United States Navy admiral (1942–2025)

Lee Fredric Gunn (1942 – December 13, 2025) was a Vice Admiral and former Naval Inspector General of the United States Department of the Navy.

==Education and Family==
Gunn earned a Bachelor's degree in Experimental and Physiological Psychology from the University of California, Los Angeles and a Master of Science degree in Operations Research from the Naval Postgraduate School in Monterey, California.

==Naval career==
Commissioned into the United States Navy from the Naval Reserve Officer Training Corps program at the University of California, Los Angeles, Gunn served as a Surface Warfare Officer and rose to command the anti-submarine warfare tactical, test, and evaluation destroyer squadron.

He later commanded Amphibious Group Three (PHIBGRU THREE), consisting of nineteen ships, twelve other, separate commands, and 16,000 sailors and marines. As commander of this force, he also served as the Commander, Combined Naval Forces, and Deputy Task Force Commander of Operation United Shield, the final withdrawal of United Nations peacekeeping forces from Somalia in February and March 1995.

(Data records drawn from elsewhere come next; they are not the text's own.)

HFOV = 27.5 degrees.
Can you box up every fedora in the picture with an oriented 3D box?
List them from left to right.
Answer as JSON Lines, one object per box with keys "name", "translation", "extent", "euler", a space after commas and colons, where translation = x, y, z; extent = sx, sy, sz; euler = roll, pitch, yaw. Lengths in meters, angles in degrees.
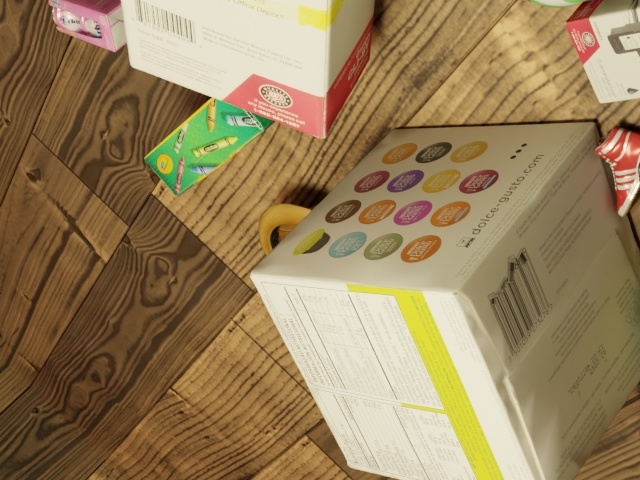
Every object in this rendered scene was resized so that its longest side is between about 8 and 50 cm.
{"name": "fedora", "translation": [0.000, 0.000, 1.991], "extent": [0.194, 0.079, 0.194], "euler": [21, 139, 20]}

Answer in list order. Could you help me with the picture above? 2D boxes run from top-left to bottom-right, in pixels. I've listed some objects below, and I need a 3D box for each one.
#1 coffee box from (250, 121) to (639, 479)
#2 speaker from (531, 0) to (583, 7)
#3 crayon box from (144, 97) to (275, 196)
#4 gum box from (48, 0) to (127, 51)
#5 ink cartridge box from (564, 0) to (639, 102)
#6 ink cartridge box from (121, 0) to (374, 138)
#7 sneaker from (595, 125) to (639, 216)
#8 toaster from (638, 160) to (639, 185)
{"name": "coffee box", "translation": [0.182, 0.083, 1.666], "extent": [0.334, 0.337, 0.338], "euler": [3, 129, 44]}
{"name": "speaker", "translation": [0.258, -0.325, 1.266], "extent": [0.131, 0.131, 0.296], "euler": [41, 171, 4]}
{"name": "crayon box", "translation": [-0.120, -0.178, 1.852], "extent": [0.081, 0.165, 0.278], "euler": [50, 145, -7]}
{"name": "gum box", "translation": [-0.276, -0.342, 1.821], "extent": [0.107, 0.188, 0.062], "euler": [22, 140, 28]}
{"name": "ink cartridge box", "translation": [0.358, -0.217, 1.419], "extent": [0.150, 0.063, 0.109], "euler": [-4, 123, 47]}
{"name": "ink cartridge box", "translation": [-0.082, -0.333, 1.507], "extent": [0.279, 0.160, 0.384], "euler": [23, 149, 13]}
{"name": "sneaker", "translation": [0.358, -0.086, 1.572], "extent": [0.067, 0.042, 0.118], "euler": [26, 134, 18]}
{"name": "toaster", "translation": [0.450, -0.041, 1.467], "extent": [0.186, 0.110, 0.168], "euler": [8, 131, 40]}
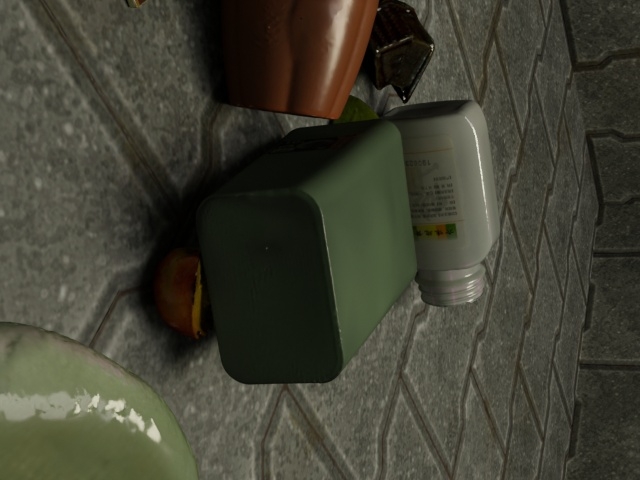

Admiral Gunn served in eight assignments in the areas of manpower, personnel and training. During his last manpower assignment as Deputy Chief of Naval Personnel, and Commander, Navy Personnel Command, he played a key role in redesigning the Navy's manpower and personnel establishment and he orchestrated the transfer of the Navy's Personnel Command from Arlington, Virginia to Millington, Tennessee.

Appointed Naval Inspector General in July 1997, Vice Admiral Gunn instituted the Navy's Operational Cost Management training and evaluation program, and reconfigured Navy's major command management inspection process to teach and evaluate cost management. He retired from active service in August 2000.

==Post-Naval Career==
Immediately after retirement, the Chief of Naval Operations appointed Gunn to lead an executive review of naval training, a nine-month review conducted by a senior team of experts. Gunn has also served as board member of the American Small Business Coalition from 2004 to 2008.

President of the American Security Project, a bi-partisan national security think tank in Washington, DC; Chairman of the Board of Advisors to the Presidents of the Naval Postgraduate School in Monterey, CA and the Naval War College in Newport, RI; an advisor to the Global Perspectives Initiative at the University of Central Florida: and a member and Executive Board member of the Surface Navy Association, the professional association of more than 7,000 surface warriors and supporters in the United States Navy. He served as National President of the Surface Navy Association from 2001 to 2006.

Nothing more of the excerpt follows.